Difference between revisions of "1989 AIME Problems/Problem 13"

Revision as of 19:17, 4 July 2013

Problem

Let $S$ be a subset of $\{1,2,3,\ldots,1989\}$ such that no two members of $S$ differ by $4$ or $7$ . What is the largest number of elements $S$ can have?

Solution

We first show that we can choose at most 5 numbers from $\{1, 2, \ldots , 11\}$ such that no two numbers have a difference of $4$ or $7$ . We take the smallest number to be $1$ , which rules out $5,8$ . Now we can take at most one from each of the pairs: $[2,9]$ , $[3,7]$ , $[4,11]$ , $[6,10]$ . Now, $1989 = 180\cdot 11 + 9$ , but because this isn't an exact multiple of $5$ , we need to consider the last $9$ numbers.

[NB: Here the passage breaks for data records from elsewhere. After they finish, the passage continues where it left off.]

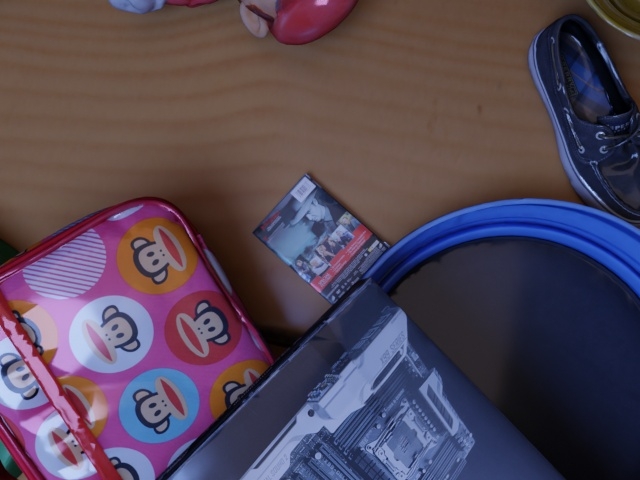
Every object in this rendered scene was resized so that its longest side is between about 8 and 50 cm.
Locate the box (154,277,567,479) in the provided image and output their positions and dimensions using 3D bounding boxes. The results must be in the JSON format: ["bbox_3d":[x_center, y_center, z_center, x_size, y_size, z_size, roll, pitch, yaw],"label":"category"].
[{"bbox_3d":[0.055,0.222,0.460,0.242,0.076,0.307,-43,89,-11],"label":"box"}]

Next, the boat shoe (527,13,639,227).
[{"bbox_3d":[0.282,-0.121,0.578,0.080,0.076,0.228,-20,85,1],"label":"boat shoe"}]

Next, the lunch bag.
[{"bbox_3d":[-0.179,0.130,0.523,0.258,0.120,0.293,-31,99,-12],"label":"lunch bag"}]

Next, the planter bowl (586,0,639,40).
[{"bbox_3d":[0.353,-0.283,0.573,0.217,0.090,0.217,0,90,13],"label":"planter bowl"}]

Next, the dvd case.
[{"bbox_3d":[0.000,0.000,0.613,0.119,0.013,0.087,41,88,3],"label":"dvd case"}]

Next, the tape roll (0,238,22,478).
[{"bbox_3d":[-0.430,0.132,0.589,0.322,0.077,0.321,0,86,3],"label":"tape roll"}]

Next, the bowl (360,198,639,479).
[{"bbox_3d":[0.194,0.156,0.563,0.392,0.077,0.390,0,87,2],"label":"bowl"}]

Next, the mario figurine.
[{"bbox_3d":[-0.102,-0.307,0.551,0.321,0.198,0.170,33,48,10],"label":"mario figurine"}]
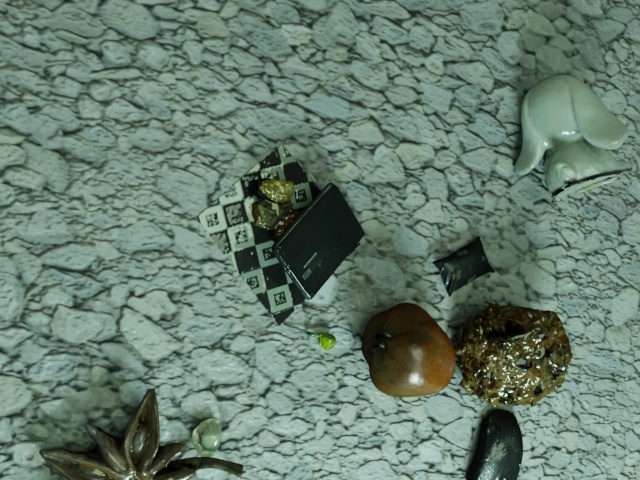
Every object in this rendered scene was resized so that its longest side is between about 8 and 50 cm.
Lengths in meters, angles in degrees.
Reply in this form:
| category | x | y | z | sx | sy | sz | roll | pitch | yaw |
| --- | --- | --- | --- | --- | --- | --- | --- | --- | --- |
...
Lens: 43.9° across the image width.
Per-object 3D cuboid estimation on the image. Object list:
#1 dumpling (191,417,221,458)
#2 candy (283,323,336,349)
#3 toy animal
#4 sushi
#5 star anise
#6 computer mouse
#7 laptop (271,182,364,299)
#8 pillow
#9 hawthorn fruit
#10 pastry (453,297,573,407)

Now let's examine $\{1, 2, \ldots , 20\}$ . If we pick $1, 3, 4, 6, 9$ from the first $11$ numbers, then we're allowed to pick $11 + 1$ , $11 + 3$ , $11 + 4$ , $11 + 6$ , $11 + 9$ . This means we get 10 members from the 20 numbers. Our answer is thus $179\cdot 5 + 10 = \boxed{905}$ .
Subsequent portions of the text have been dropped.